-- Records to use follows --

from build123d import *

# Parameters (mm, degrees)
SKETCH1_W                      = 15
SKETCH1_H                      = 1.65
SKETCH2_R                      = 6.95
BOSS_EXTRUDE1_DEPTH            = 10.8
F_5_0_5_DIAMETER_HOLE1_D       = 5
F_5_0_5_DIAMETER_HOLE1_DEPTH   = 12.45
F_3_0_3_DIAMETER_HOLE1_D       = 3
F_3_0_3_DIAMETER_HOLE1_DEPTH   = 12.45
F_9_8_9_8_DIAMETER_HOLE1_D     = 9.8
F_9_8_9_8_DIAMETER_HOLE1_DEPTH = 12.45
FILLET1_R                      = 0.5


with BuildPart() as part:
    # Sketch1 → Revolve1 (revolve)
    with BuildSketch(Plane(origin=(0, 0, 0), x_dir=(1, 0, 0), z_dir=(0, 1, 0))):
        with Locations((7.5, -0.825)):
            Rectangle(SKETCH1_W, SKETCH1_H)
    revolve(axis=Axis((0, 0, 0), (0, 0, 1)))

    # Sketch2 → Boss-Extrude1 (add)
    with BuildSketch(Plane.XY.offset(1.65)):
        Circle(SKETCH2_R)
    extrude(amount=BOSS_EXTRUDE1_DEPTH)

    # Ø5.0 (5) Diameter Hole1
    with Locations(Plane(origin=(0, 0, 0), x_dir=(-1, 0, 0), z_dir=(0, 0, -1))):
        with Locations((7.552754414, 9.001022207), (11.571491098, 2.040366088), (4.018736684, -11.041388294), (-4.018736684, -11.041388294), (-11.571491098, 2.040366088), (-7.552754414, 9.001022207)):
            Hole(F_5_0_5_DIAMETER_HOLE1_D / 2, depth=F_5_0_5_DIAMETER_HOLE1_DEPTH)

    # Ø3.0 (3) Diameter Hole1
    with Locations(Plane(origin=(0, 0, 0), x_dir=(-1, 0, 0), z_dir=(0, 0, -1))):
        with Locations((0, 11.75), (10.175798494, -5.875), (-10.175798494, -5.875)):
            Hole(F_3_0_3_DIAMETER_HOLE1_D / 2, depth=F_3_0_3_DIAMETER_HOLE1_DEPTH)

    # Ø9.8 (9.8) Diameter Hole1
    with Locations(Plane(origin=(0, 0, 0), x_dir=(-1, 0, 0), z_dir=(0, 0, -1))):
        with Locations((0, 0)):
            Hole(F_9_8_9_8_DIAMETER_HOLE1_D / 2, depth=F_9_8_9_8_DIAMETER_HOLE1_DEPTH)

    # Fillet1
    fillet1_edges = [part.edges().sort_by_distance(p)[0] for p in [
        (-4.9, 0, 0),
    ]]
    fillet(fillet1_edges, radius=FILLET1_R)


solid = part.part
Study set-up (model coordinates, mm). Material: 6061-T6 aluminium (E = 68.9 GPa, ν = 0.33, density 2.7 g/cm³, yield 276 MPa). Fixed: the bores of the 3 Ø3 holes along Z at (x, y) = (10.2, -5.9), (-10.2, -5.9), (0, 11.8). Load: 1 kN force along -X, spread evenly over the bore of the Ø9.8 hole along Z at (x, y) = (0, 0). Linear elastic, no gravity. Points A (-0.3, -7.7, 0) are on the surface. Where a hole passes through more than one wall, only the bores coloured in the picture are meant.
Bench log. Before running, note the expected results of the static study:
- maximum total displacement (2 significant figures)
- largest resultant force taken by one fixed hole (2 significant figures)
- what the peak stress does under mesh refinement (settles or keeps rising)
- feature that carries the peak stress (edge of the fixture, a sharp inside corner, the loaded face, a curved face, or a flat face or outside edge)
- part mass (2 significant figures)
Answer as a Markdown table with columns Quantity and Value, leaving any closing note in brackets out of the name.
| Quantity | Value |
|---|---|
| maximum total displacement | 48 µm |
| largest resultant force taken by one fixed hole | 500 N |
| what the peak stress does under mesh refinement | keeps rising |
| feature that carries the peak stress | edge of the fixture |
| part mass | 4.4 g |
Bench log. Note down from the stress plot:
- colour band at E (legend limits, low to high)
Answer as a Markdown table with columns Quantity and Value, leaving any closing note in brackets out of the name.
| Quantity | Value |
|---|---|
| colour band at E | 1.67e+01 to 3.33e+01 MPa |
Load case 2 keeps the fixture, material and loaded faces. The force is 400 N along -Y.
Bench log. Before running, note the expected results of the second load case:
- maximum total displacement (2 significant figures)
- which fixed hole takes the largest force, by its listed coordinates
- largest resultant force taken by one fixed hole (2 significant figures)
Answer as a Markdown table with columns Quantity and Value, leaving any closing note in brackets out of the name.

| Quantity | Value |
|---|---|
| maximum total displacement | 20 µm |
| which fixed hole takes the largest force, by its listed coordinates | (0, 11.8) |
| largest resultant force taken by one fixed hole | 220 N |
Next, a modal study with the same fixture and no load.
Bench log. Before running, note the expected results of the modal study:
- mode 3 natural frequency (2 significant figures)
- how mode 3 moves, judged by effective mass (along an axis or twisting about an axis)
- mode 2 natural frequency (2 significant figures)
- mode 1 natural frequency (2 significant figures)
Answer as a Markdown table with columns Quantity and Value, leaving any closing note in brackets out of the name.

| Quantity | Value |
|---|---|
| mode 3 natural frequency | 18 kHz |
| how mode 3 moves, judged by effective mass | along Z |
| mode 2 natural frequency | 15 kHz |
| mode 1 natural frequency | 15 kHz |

-- Records to use concluded --
-- Records to use follows --

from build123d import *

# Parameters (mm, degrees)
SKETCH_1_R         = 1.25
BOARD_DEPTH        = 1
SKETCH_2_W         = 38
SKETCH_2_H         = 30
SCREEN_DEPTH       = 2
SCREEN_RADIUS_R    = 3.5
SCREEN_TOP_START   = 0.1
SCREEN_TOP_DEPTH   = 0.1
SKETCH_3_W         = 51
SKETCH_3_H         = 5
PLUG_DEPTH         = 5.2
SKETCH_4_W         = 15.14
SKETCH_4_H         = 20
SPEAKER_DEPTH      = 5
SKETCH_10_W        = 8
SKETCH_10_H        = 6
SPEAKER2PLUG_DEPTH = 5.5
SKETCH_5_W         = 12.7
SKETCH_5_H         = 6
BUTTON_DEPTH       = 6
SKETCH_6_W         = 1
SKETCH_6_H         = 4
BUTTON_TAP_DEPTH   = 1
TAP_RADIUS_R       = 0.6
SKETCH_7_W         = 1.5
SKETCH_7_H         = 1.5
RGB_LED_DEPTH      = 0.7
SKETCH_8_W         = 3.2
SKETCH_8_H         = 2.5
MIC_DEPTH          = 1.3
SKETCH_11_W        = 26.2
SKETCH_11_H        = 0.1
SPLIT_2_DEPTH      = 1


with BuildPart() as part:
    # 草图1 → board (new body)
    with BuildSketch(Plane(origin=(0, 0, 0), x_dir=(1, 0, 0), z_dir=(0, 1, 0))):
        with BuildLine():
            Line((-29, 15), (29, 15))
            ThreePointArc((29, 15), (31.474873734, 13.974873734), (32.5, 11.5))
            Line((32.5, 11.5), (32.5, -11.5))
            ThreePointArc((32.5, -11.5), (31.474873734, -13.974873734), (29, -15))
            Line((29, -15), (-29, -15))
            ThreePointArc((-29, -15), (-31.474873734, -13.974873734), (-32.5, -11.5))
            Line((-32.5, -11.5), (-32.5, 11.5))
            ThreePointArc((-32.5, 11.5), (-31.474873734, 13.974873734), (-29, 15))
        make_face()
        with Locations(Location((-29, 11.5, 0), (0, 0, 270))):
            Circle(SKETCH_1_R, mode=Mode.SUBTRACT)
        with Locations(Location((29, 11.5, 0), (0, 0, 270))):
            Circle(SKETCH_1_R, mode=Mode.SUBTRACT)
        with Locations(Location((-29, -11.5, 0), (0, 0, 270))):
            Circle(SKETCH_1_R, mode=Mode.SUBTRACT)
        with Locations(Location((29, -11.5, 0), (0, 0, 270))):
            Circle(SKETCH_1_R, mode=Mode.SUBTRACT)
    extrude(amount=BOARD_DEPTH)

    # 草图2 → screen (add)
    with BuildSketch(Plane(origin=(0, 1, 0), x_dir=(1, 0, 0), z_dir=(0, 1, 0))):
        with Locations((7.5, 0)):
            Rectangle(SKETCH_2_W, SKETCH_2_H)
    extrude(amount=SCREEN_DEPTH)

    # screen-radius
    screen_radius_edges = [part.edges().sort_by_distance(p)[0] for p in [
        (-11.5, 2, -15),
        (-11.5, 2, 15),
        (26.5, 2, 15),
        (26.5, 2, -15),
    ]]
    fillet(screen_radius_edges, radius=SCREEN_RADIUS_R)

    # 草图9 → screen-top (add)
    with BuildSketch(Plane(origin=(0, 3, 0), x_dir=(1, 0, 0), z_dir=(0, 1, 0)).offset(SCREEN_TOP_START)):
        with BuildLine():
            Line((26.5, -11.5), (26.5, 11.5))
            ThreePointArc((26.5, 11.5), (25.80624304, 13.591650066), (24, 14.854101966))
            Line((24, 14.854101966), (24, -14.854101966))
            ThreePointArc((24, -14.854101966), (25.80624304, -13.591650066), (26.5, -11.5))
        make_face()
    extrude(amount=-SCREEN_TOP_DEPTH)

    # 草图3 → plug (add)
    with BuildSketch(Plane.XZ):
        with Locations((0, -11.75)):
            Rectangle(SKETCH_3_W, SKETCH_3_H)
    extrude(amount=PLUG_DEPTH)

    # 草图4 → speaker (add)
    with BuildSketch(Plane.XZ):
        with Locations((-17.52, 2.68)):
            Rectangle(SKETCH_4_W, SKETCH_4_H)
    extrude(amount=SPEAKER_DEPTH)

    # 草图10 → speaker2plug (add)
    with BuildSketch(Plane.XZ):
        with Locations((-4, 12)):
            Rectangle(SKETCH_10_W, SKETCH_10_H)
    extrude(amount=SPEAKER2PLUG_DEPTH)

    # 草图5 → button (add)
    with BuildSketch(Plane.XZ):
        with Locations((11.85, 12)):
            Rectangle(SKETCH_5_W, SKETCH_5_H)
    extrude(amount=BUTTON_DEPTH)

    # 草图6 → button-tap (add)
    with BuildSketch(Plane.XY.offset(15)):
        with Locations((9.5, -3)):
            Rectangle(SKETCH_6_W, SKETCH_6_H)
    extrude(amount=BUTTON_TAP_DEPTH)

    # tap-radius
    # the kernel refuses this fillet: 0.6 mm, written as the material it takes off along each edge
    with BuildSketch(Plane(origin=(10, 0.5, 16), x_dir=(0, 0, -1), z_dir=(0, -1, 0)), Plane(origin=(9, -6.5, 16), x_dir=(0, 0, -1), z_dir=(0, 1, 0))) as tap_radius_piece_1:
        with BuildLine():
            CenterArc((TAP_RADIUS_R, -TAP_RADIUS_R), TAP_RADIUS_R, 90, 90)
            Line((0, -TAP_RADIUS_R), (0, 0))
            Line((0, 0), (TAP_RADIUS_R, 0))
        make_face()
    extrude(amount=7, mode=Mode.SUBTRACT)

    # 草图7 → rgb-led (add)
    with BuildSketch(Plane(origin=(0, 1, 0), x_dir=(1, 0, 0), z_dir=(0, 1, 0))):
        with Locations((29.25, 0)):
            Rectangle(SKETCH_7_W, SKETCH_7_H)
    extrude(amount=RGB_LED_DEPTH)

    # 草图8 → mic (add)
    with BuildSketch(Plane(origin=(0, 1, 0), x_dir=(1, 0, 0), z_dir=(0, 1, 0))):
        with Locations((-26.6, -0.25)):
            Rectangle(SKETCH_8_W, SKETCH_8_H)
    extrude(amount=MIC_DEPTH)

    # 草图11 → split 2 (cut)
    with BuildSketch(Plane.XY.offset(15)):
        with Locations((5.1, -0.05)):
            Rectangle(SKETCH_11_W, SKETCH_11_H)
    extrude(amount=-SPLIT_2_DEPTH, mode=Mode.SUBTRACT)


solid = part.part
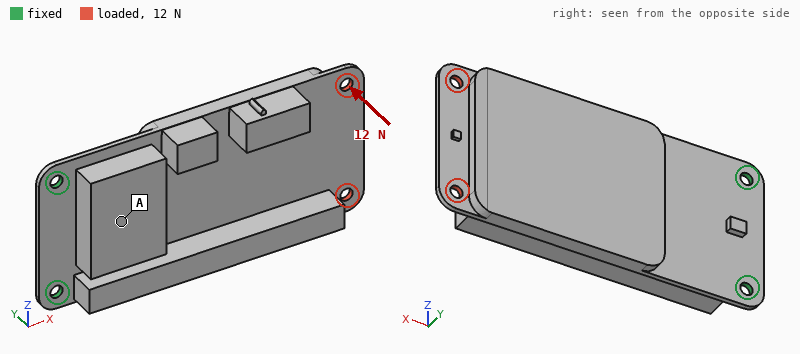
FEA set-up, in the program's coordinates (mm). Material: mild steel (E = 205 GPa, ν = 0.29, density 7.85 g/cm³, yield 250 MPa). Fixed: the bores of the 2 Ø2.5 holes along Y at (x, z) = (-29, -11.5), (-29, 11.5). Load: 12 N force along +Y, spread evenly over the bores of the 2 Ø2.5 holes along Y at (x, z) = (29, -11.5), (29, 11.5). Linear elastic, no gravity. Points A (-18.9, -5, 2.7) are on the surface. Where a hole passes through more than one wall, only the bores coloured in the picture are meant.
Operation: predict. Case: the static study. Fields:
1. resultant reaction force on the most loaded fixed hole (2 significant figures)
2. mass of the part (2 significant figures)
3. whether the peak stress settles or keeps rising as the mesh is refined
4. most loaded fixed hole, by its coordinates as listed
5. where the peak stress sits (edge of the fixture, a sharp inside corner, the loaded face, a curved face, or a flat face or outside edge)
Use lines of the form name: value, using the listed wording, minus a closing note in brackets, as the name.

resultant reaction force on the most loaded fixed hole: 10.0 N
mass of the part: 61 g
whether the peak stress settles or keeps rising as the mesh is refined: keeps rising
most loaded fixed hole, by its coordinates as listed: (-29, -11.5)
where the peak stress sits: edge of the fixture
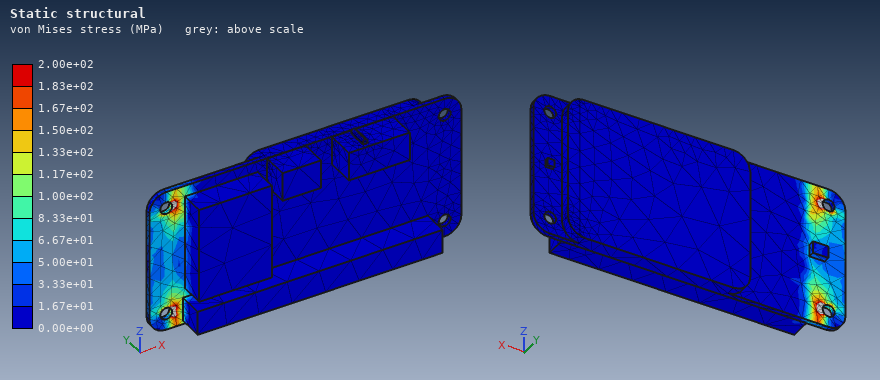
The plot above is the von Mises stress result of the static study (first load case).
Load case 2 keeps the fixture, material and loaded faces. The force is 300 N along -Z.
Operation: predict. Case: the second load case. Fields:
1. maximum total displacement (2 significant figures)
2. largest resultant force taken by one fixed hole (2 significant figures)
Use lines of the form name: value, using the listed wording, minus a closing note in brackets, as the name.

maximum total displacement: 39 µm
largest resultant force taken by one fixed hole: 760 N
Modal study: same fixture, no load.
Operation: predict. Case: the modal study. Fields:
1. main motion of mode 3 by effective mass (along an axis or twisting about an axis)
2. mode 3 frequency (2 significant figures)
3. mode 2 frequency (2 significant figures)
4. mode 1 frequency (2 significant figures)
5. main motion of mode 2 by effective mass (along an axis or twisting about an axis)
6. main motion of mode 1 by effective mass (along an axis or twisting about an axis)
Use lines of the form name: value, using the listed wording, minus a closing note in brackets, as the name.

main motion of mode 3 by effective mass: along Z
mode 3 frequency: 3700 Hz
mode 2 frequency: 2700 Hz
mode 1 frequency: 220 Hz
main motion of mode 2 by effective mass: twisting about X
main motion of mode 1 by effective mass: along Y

-- Records to use concluded --

** Activity **
The answer should consist of all lines from the records above that hold the word "outside".

** Answer space **
- feature that carries the peak stress (edge of the fixture, a sharp inside corner, the loaded face, a curved face, or a flat face or outside edge)
5. where the peak stress sits (edge of the fixture, a sharp inside corner, the loaded face, a curved face, or a flat face or outside edge)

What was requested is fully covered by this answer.